> INSTRUCTIONS TO FOLLOW:
Only the lines below from the one that holds "<formula> <loc_0><loc_0><loc_500><loc_500>a _" through the one that holds "Answer: 8.9 What" should appear in the answer, copied exactly, end lines included and pictures omitted.

---

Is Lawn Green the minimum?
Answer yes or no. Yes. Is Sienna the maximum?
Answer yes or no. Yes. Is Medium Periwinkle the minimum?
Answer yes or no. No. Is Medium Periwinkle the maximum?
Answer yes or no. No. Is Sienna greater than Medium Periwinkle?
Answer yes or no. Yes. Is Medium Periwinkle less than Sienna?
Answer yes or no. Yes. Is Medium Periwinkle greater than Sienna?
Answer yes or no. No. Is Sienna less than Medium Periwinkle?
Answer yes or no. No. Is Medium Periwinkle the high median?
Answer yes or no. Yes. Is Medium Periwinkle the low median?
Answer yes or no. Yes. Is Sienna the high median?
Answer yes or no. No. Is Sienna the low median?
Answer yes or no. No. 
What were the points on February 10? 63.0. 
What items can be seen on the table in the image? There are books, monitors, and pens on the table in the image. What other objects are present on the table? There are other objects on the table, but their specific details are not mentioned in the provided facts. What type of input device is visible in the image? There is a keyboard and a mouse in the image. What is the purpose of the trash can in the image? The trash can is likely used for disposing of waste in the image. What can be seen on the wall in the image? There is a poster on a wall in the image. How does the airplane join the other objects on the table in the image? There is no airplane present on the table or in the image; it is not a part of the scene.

---

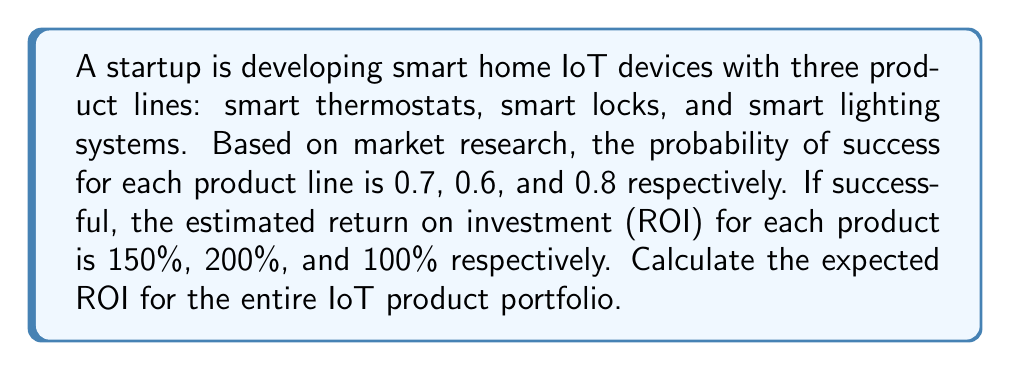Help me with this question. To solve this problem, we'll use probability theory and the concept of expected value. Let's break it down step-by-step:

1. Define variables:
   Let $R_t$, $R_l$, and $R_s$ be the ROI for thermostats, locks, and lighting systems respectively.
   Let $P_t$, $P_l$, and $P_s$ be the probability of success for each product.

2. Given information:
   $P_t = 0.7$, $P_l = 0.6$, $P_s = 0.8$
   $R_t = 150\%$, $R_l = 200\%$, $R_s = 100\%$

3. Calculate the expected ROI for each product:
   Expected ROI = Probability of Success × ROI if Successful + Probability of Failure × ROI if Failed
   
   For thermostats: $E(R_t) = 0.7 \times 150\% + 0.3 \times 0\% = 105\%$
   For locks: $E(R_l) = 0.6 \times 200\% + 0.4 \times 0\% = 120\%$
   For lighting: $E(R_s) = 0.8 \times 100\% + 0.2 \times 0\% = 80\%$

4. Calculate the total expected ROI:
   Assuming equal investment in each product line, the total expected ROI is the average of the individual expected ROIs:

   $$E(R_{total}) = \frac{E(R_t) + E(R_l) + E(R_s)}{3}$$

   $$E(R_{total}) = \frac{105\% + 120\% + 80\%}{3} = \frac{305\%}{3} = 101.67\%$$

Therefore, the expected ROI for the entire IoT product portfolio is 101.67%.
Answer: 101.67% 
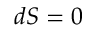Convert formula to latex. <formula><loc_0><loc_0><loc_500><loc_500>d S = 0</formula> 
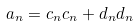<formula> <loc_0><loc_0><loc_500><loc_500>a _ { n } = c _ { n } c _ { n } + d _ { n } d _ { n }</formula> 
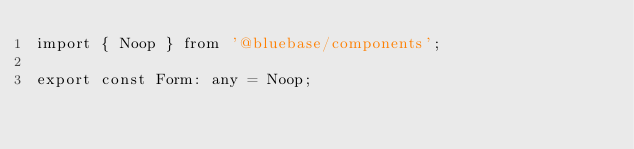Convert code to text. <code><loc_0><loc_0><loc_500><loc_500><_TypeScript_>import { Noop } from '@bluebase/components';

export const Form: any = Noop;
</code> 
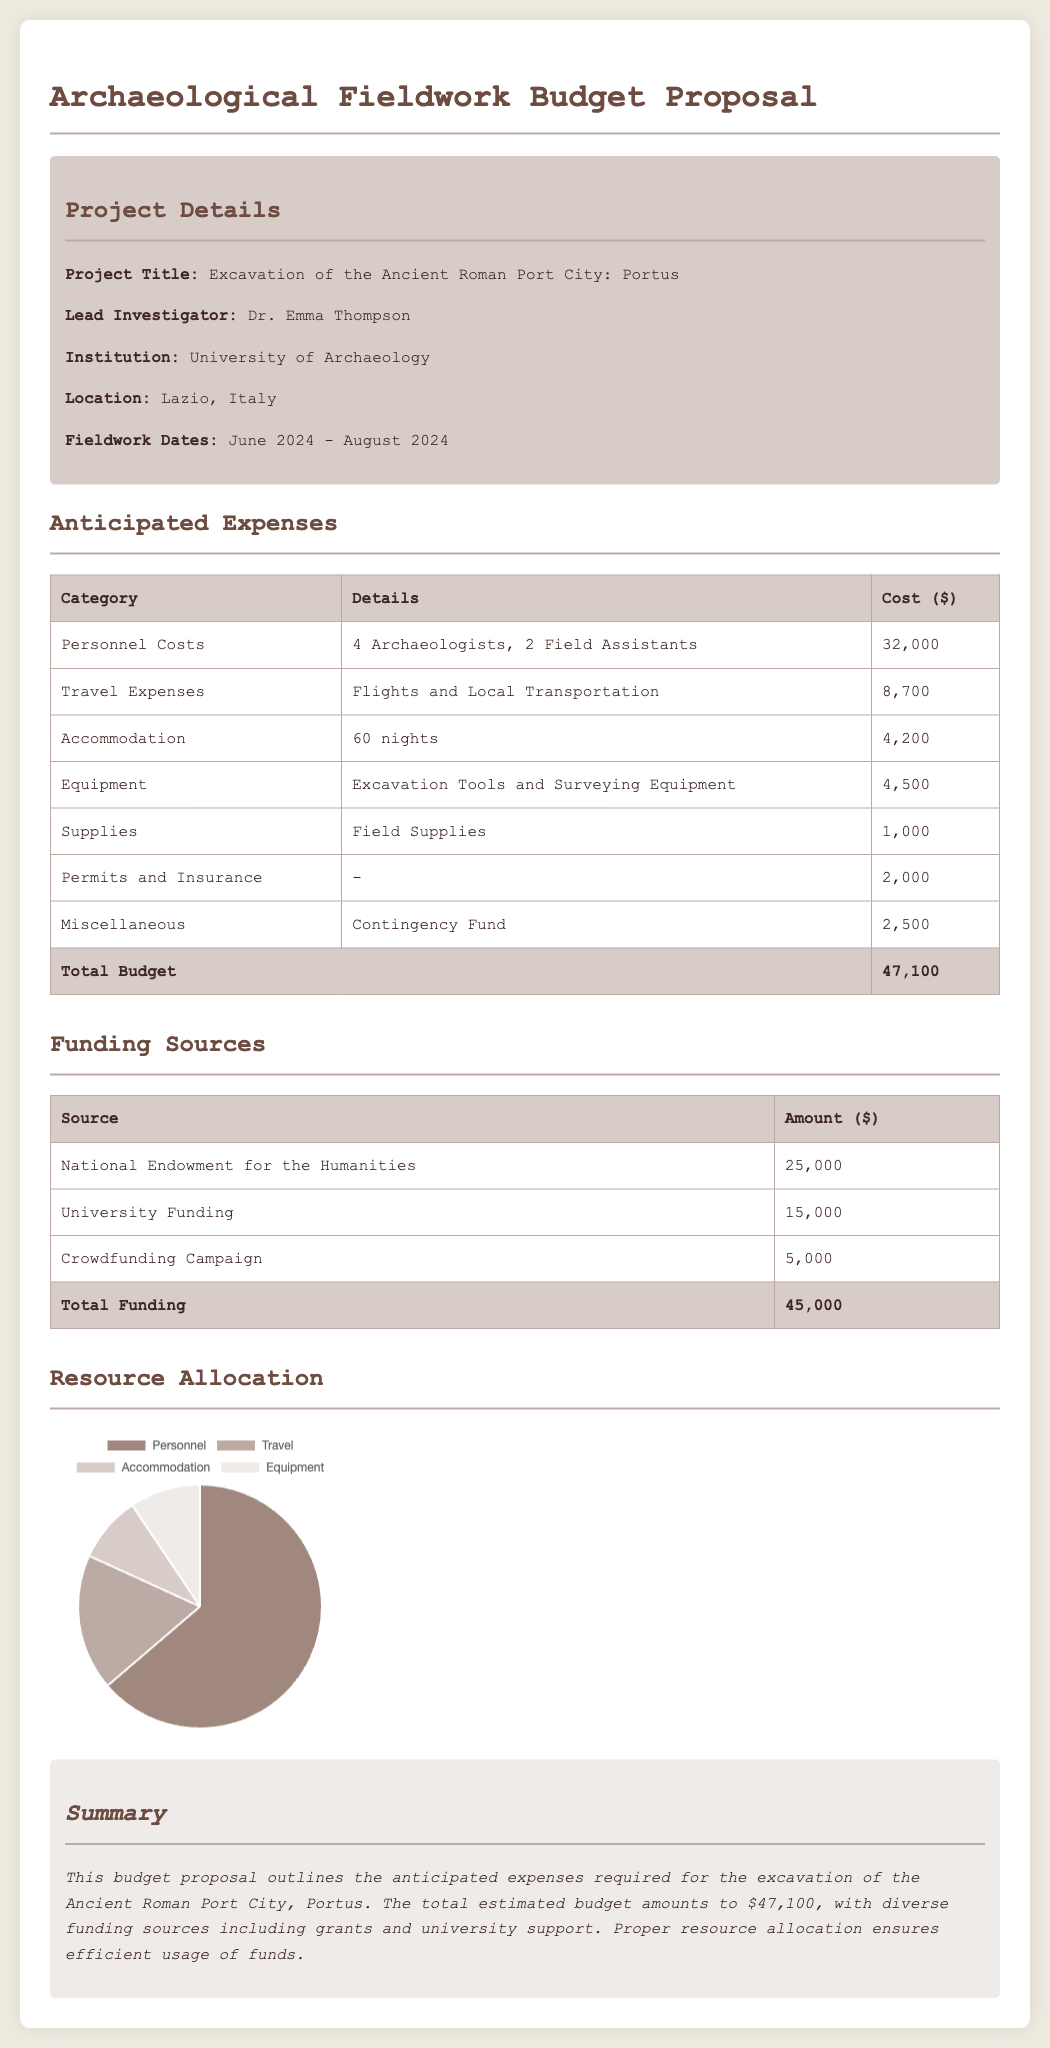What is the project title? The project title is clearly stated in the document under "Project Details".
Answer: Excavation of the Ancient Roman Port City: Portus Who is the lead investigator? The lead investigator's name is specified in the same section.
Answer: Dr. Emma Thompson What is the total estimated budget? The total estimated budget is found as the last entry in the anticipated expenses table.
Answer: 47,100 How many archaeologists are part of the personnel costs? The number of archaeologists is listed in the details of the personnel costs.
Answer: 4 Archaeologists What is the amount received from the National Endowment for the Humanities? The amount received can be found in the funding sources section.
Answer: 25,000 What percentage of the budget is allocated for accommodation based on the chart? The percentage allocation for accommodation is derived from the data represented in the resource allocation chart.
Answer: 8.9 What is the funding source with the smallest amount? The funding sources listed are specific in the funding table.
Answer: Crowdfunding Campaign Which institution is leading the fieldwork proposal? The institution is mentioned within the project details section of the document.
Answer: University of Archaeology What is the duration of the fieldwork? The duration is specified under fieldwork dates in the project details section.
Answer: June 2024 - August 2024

---

> OUTPUT FOR THIS TASK:
<formula> <loc_0><loc_0><loc_500><loc_500>a _ { n } = c _ { n } c _ { n } + d _ { n } d _ { n }</formula> 
Convert code to text. <code><loc_0><loc_0><loc_500><loc_500><_TypeScript_>import { Noop } from '@bluebase/components';

export const Form: any = Noop;
</code> 
What is the project title? The project title is clearly stated in the document under "Project Details".
Answer: Excavation of the Ancient Roman Port City: Portus Who is the lead investigator? The lead investigator's name is specified in the same section.
Answer: Dr. Emma Thompson What is the total estimated budget? The total estimated budget is found as the last entry in the anticipated expenses table.
Answer: 47,100 How many archaeologists are part of the personnel costs? The number of archaeologists is listed in the details of the personnel costs.
Answer: 4 Archaeologists What is the amount received from the National Endowment for the Humanities? The amount received can be found in the funding sources section.
Answer: 25,000 What percentage of the budget is allocated for accommodation based on the chart? The percentage allocation for accommodation is derived from the data represented in the resource allocation chart.
Answer: 8.9 What is the funding source with the smallest amount? The funding sources listed are specific in the funding table.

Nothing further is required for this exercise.